Let me start with why I picked Gumroad. It's great for affiliates. You create a link for your affiliates and Gumroad saves that money in a separate account and pays them automatically. It's awesome.
Gumroad is good for certain things like the affiliate program. But there are some key pieces of functionality that it lacked (at least for me).
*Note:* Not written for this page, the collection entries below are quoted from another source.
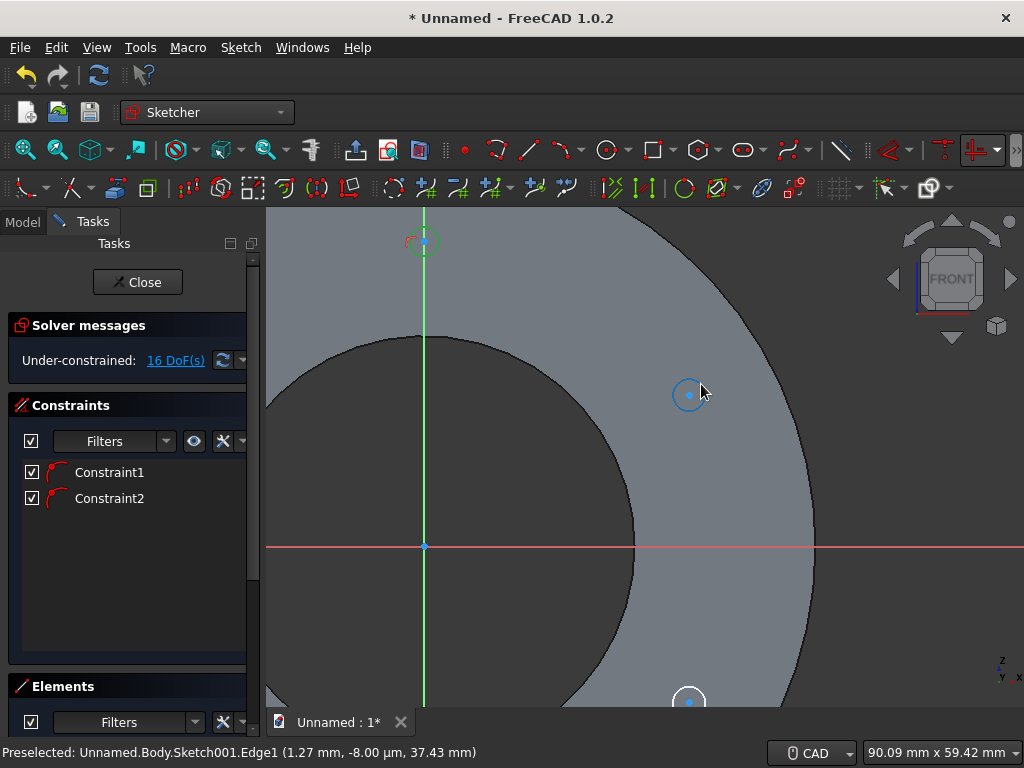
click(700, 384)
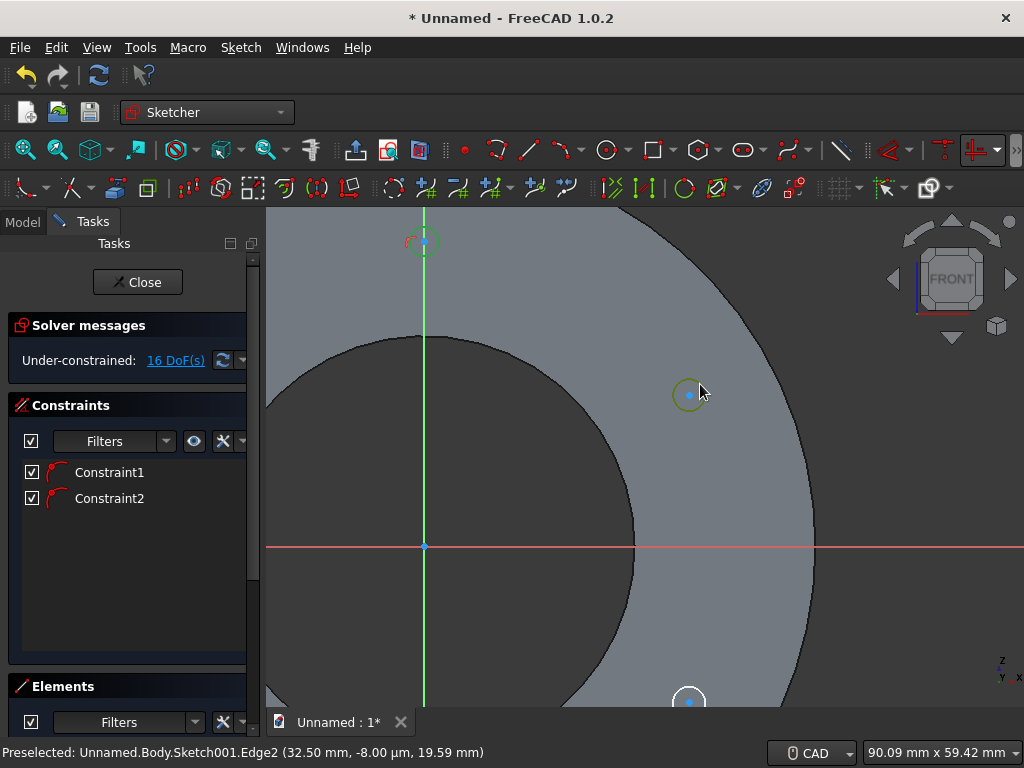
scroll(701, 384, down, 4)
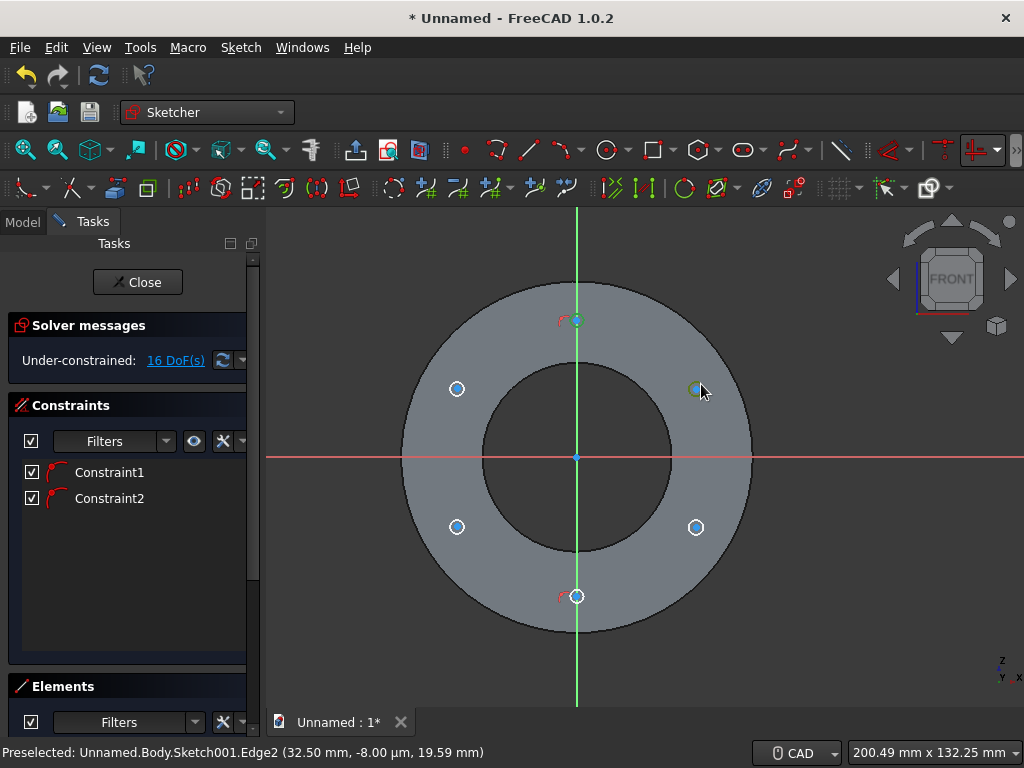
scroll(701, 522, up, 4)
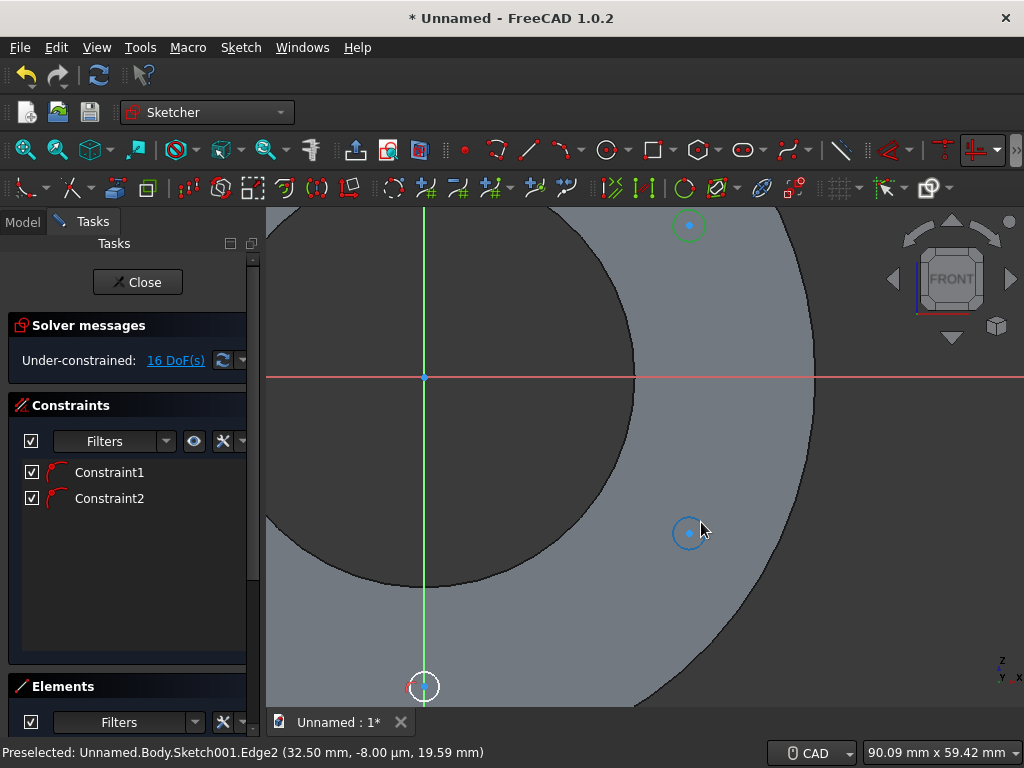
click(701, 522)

The tracking was disappointing. You can enter your Google Analytics code into Gumroad and it does send an eCommerce event to your account. Unfortunately, it's a separate session. So I see the transaction coming from someone with no history. That means I have a lot less data about what marketing channels are actually working.
And I couldn't figure out how to send eCommerce data to MailChimp. That means that I had to manually mark customers as VIP in MailChimp after they purchased so I could segment the list.
Those two features combined means I'll be playing with a new toy for the next event. It could very well be a membership system since that's what some of our viewers asked for. It means a bit more maintenance on my side but I will get better results.